PROBLEM REQUIREMENTS
From the first line to the last, retype the records exactly and skip the pictures.

DATA START

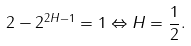<formula> <loc_0><loc_0><loc_500><loc_500>2 - 2 ^ { 2 H - 1 } = 1 \Leftrightarrow H = \frac { 1 } { 2 } .</formula> 
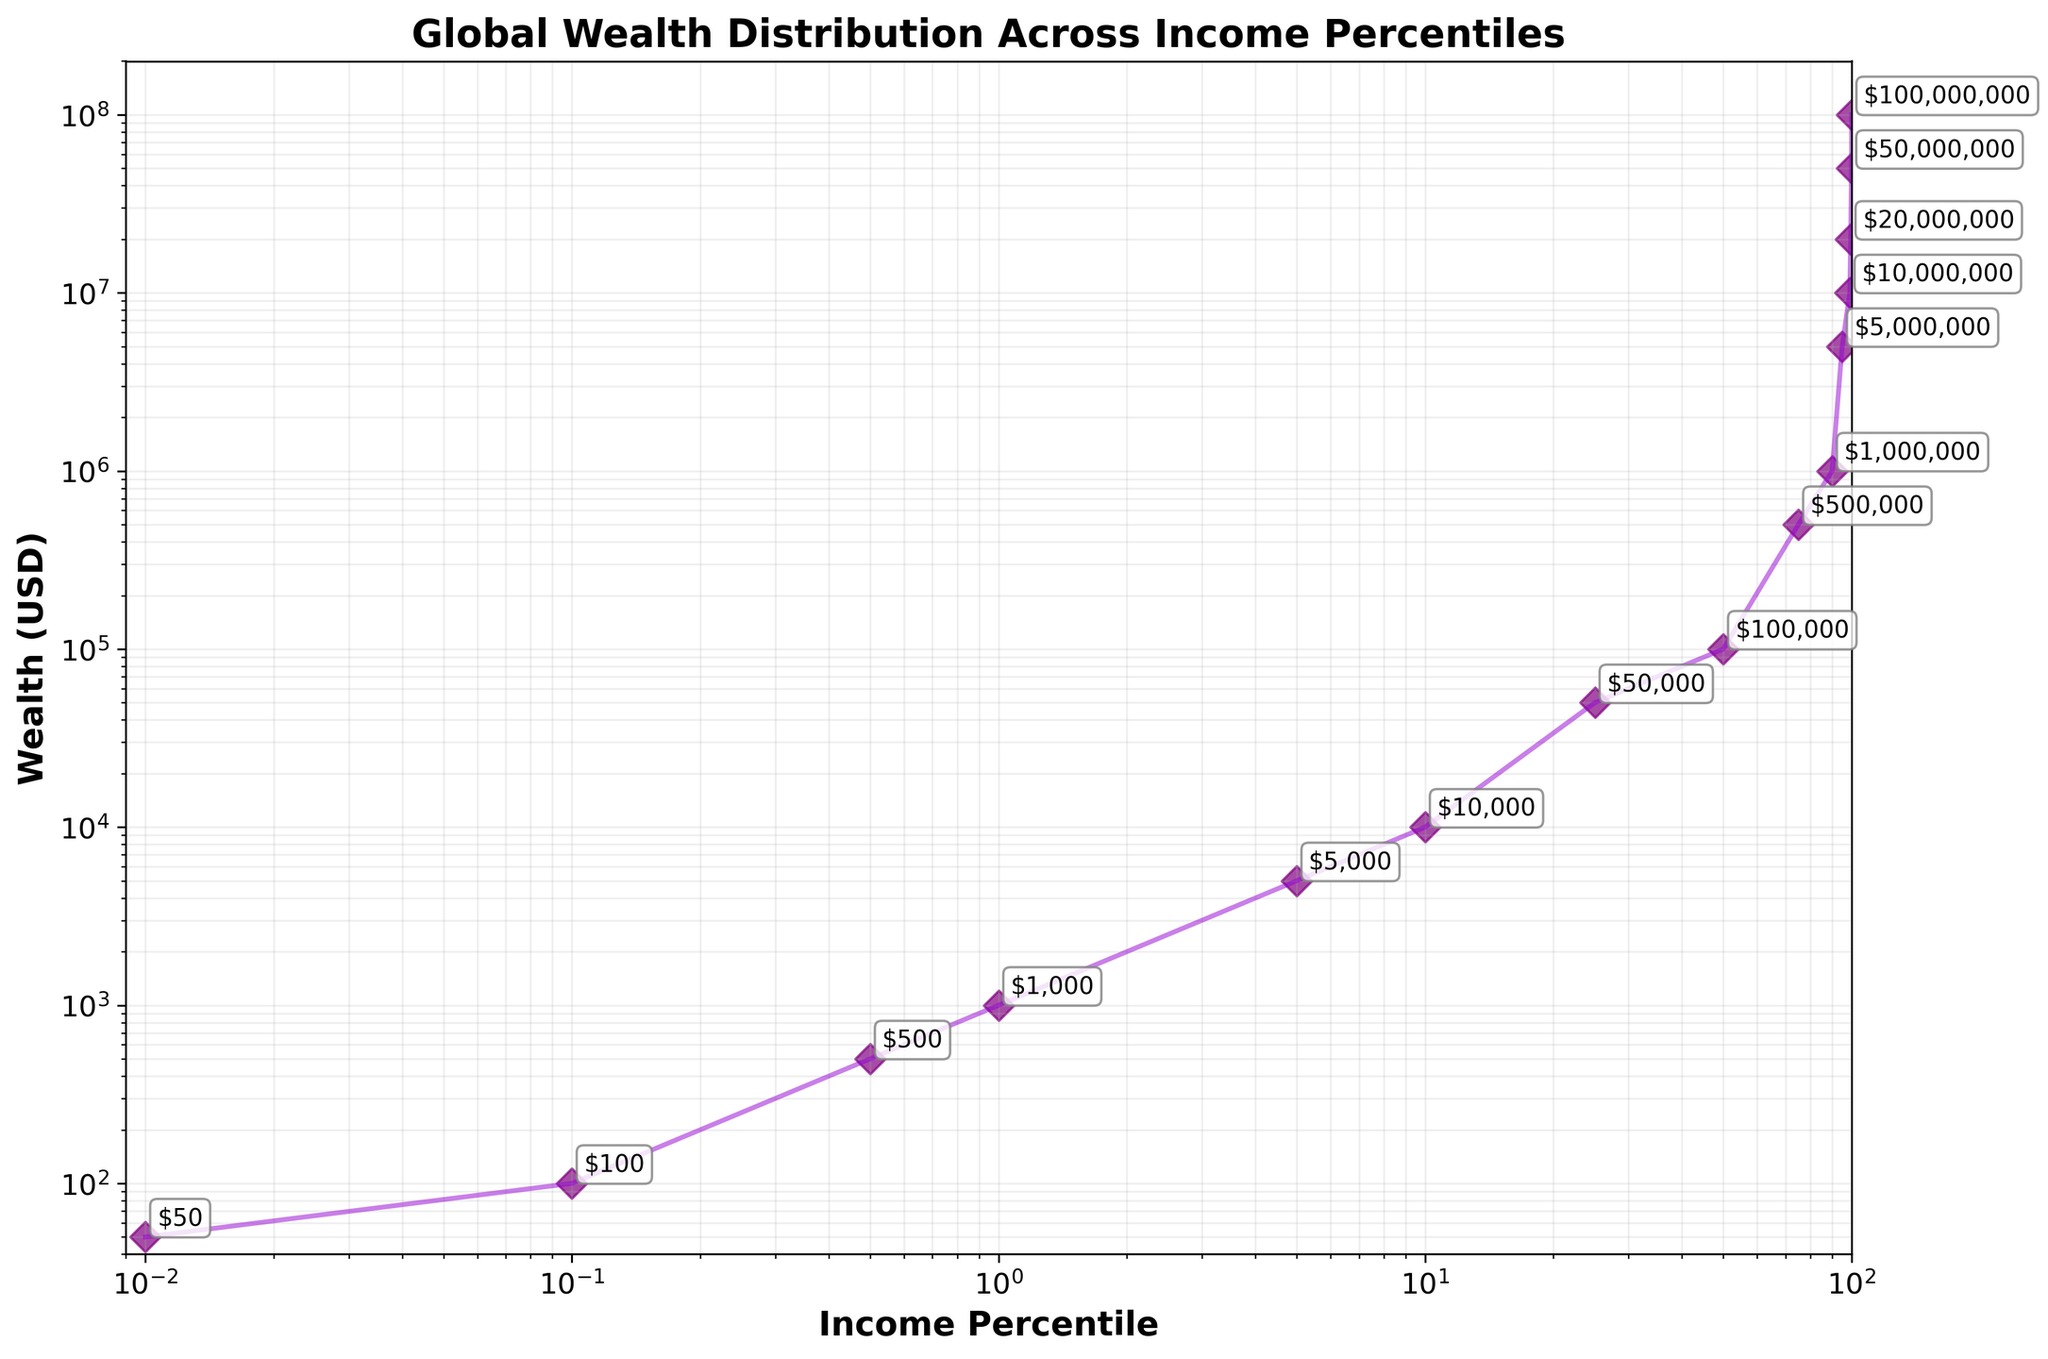What is the title of the plot? The title of the plot is typically found at the top and is clearly labeled as such. In this case, the title reads "Global Wealth Distribution Across Income Percentiles."
Answer: Global Wealth Distribution Across Income Percentiles What are the axis labels on the figure? Axis labels provide information about what each axis represents. They are found next to the respective axes. Here, the x-axis is labeled "Income Percentile" and the y-axis is labeled "Wealth (USD)."
Answer: Income Percentile and Wealth (USD) What is the wealth at the 25th income percentile? To find this, locate the 25th percentile on the x-axis (Income Percentile) and trace it up to the point on the plot. The corresponding y-axis (Wealth in USD) value should be noted.
Answer: 50,000 USD What is the difference in wealth between the 99.9th and 99.5th percentiles? Locate the 99.9th and 99.5th percentiles on the x-axis, then find their respective wealth values on the y-axis. Subtract the wealth value of the 99.5th percentile from the wealth value of the 99.9th percentile: 50,000,000 - 20,000,000.
Answer: 30,000,000 USD Between the 5th and 10th percentiles, which income percentile has higher wealth? Compare the wealth values at the 5th percentile and the 10th percentile by locating both points on the x-axis and tracing them to their respective y-axis values. The 10th percentile wealth (10,000 USD) is greater than the 5th percentile wealth (5,000 USD).
Answer: 10th percentile What is the average wealth between the 0.5th, 1st, and 5th percentiles? Find the wealth values for each percentile: 0.5th (500 USD), 1st (1,000 USD), and 5th (5,000 USD). Sum these values and divide by the number of percentiles: (500 + 1,000 + 5,000) / 3.
Answer: 2,166.67 USD How does the wealth distribution appear on the plot? The points and lines plotted show a clear increasing trend, indicating wealth significantly increases at higher income percentiles. Given the log-log scale, this creates a steep curve as you move to the right.
Answer: Steeply increasing trend What is typically the wealth of the top 1% (99th percentile) of income earners? Locate the 99th income percentile on the x-axis and trace it up to the corresponding point. The y-axis value represents the wealth: 10,000,000 USD.
Answer: 10,000,000 USD How does the wealth at the 50th percentile compare with that at the 90th percentile? Identify the wealth values at both the 50th (100,000 USD) and 90th (1,000,000 USD) percentiles on the plot. Compare the values directly. The wealth at the 90th percentile is much higher.
Answer: Wealth at the 90th percentile is much higher than at the 50th percentile What is the smallest and largest wealth value displayed in the figure? By examining the plot and reading the annotations, the smallest wealth value is at the 0.01th percentile (50 USD) and the largest is at the 99.99th percentile (100,000,000 USD).
Answer: 50 USD and 100,000,000 USD

DATA END

ANSWER TO THE EXERCISE
<formula> <loc_0><loc_0><loc_500><loc_500>2 - 2 ^ { 2 H - 1 } = 1 \Leftrightarrow H = \frac { 1 } { 2 } .</formula> 
What is the title of the plot? The title of the plot is typically found at the top and is clearly labeled as such. In this case, the title reads "Global Wealth Distribution Across Income Percentiles."
Answer: Global Wealth Distribution Across Income Percentiles What are the axis labels on the figure? Axis labels provide information about what each axis represents. They are found next to the respective axes. Here, the x-axis is labeled "Income Percentile" and the y-axis is labeled "Wealth (USD)."
Answer: Income Percentile and Wealth (USD) What is the wealth at the 25th income percentile? To find this, locate the 25th percentile on the x-axis (Income Percentile) and trace it up to the point on the plot. The corresponding y-axis (Wealth in USD) value should be noted.
Answer: 50,000 USD What is the difference in wealth between the 99.9th and 99.5th percentiles? Locate the 99.9th and 99.5th percentiles on the x-axis, then find their respective wealth values on the y-axis. Subtract the wealth value of the 99.5th percentile from the wealth value of the 99.9th percentile: 50,000,000 - 20,000,000.
Answer: 30,000,000 USD Between the 5th and 10th percentiles, which income percentile has higher wealth? Compare the wealth values at the 5th percentile and the 10th percentile by locating both points on the x-axis and tracing them to their respective y-axis values. The 10th percentile wealth (10,000 USD) is greater than the 5th percentile wealth (5,000 USD).
Answer: 10th percentile What is the average wealth between the 0.5th, 1st, and 5th percentiles? Find the wealth values for each percentile: 0.5th (500 USD), 1st (1,000 USD), and 5th (5,000 USD). Sum these values and divide by the number of percentiles: (500 + 1,000 + 5,000) / 3.
Answer: 2,166.67 USD How does the wealth distribution appear on the plot? The points and lines plotted show a clear increasing trend, indicating wealth significantly increases at higher income percentiles. Given the log-log scale, this creates a steep curve as you move to the right.
Answer: Steeply increasing trend What is typically the wealth of the top 1% (99th percentile) of income earners? Locate the 99th income percentile on the x-axis and trace it up to the corresponding point. The y-axis value represents the wealth: 10,000,000 USD.
Answer: 10,000,000 USD How does the wealth at the 50th percentile compare with that at the 90th percentile? Identify the wealth values at both the 50th (100,000 USD) and 90th (1,000,000 USD) percentiles on the plot. Compare the values directly. The wealth at the 90th percentile is much higher.
Answer: Wealth at the 90th percentile is much higher than at the 50th percentile What is the smallest and largest wealth value displayed in the figure? By examining the plot and reading the annotations, the smallest wealth value is at the 0.01th percentile (50 USD) and the largest is at the 99.99th percentile (100,000,000 USD).
Answer: 50 USD and 100,000,000 USD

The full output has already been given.